Once this confidence barrier is breached, we could soon see a mass rollout. “There are already hundreds of thousands of interactive water heaters on the grid today — we’re just adding a chip,” he said.
The benefits of smart technologies outweigh the costs
RMI’s incremental cost projections on a per-unit basis for its basket of technologies is culled from industry interviews. Costs range from $5 per water heater and $10 per household plug load — presuming they’re modern enough to have the industry-standard digital interface being developed for plug-and-play applications such as these — up to $100 per networked, responsive EV.
As for the two energy storage technologies, RMI’s report priced them at $50 per kilowatt-hour for ceramic brick heating storage and $228 per kilowatt-hour for ice-making air conditioning system of the kind built by Ice Energy. Importantly, these costs include all the upfront capital of the systems themselves, unlike the per-unit costs for the other technologies modeled, Dyson noted.
These costs shook themselves out in the analysis, with RMI choosing to front-load the cheapest technologies, some of which actually paid for themselves when compared to their share of avoided costs. “Water heaters, EVs, and plug loads require only a relatively small investment in communications technologies to enable flexibility,” all at costs that are more than outweighed by their commensurate share of per-unit benefits to the range of improvements laid out in the model.
In fact, while commercial building space heating comes with extra costs for dedicated thermal storage capacity, it more than makes up for that cost in its assistance in reducing winter peaks. That gives it a massive per-unit benefit in terms of reducing renewable energy curtailment in RMI’s model, given that West Texas wind is most often curtailed in wintertime.
Residential plug loads, EVs and grid-responsive water heaters were also cost-effective in reducing curtailment, given their low per-unit costs. Residential thermal heat and ice storage, which cost thousands of dollars, weren’t as effective in reducing curtailment, but ice-cooled AC did help reduce summer peaks.
Capital-intensive technologies also suffered from the fact that, in RMI’s model, they were implemented after everything less expensive had already had a chance to reduce the highest marginal costs associated with avoided curtailments, demand peaks and gas-fired power generation, noted Cara Goldenberg, an associate with RMI’s electricity practice and report co-author. As the beneficial effects of flexible demand feed back into lower market clearing prices for peak hours and reduced curtailment, revenues for renewable energy in the state’s market also increased, she noted.

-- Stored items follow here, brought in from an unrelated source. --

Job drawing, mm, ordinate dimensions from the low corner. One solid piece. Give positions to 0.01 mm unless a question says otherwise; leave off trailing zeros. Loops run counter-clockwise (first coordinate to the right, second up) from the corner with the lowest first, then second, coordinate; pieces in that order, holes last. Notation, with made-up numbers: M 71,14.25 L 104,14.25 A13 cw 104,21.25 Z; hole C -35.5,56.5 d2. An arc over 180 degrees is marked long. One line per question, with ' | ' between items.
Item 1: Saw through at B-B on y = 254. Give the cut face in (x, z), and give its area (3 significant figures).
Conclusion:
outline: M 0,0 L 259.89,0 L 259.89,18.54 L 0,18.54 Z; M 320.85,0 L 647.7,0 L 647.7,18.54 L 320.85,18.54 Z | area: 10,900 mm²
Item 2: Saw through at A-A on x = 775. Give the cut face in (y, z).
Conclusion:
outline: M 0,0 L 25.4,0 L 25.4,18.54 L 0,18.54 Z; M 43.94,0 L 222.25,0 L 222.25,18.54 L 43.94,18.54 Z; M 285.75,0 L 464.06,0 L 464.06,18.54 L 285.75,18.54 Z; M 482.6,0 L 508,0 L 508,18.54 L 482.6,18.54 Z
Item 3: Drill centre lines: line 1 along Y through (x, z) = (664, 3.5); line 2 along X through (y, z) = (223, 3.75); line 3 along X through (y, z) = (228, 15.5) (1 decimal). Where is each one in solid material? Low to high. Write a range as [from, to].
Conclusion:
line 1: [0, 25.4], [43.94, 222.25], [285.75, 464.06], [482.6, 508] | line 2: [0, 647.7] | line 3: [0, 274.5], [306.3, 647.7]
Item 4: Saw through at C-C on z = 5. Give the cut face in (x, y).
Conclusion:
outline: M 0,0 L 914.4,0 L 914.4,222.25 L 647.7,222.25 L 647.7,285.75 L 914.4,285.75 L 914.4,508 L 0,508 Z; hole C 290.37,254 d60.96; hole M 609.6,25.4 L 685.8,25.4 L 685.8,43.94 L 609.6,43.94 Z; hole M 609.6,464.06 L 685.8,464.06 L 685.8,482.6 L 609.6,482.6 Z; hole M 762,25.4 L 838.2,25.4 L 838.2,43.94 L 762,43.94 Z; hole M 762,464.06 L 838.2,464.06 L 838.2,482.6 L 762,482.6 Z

RMI didn’t model standard air conditioning and heating demand response systems, choosing instead those technologies that come with some form of storage, to provide more certainty that they’ll be available both at a moment’s notice and for potentially multi-hour blocks of time. That’s because demand flexibility is expected to be reliable and secure enough to avoid new power plants that will take at least five years to bring online, Dyson said.
Proof that gas isn’t the only answer
Utilities are still taking their first tentative steps toward relying on distributed, demand-side energy resources like these to replace future power plants, led by California’s investor-owned utilities and extending to other solar-rich states such as Hawaii and Arizona.
Dyson hopes that RMI’s analysis can help Texas state grid operator ERCOT, along with other states and grid operators facing decisions on how to integrate more and more wind and solar onto their grids, avoid assuming that more natural-gas-fired power plants are the answer.
“We have seen a lot of analysis come out that says, ‘We can’t make it to X percent renewables because there’s this fundamental mismatch,’” he said. “What we’ve done in this paper is say exactly how much, with a representative sample of demand flexibility, we can solve that problem.”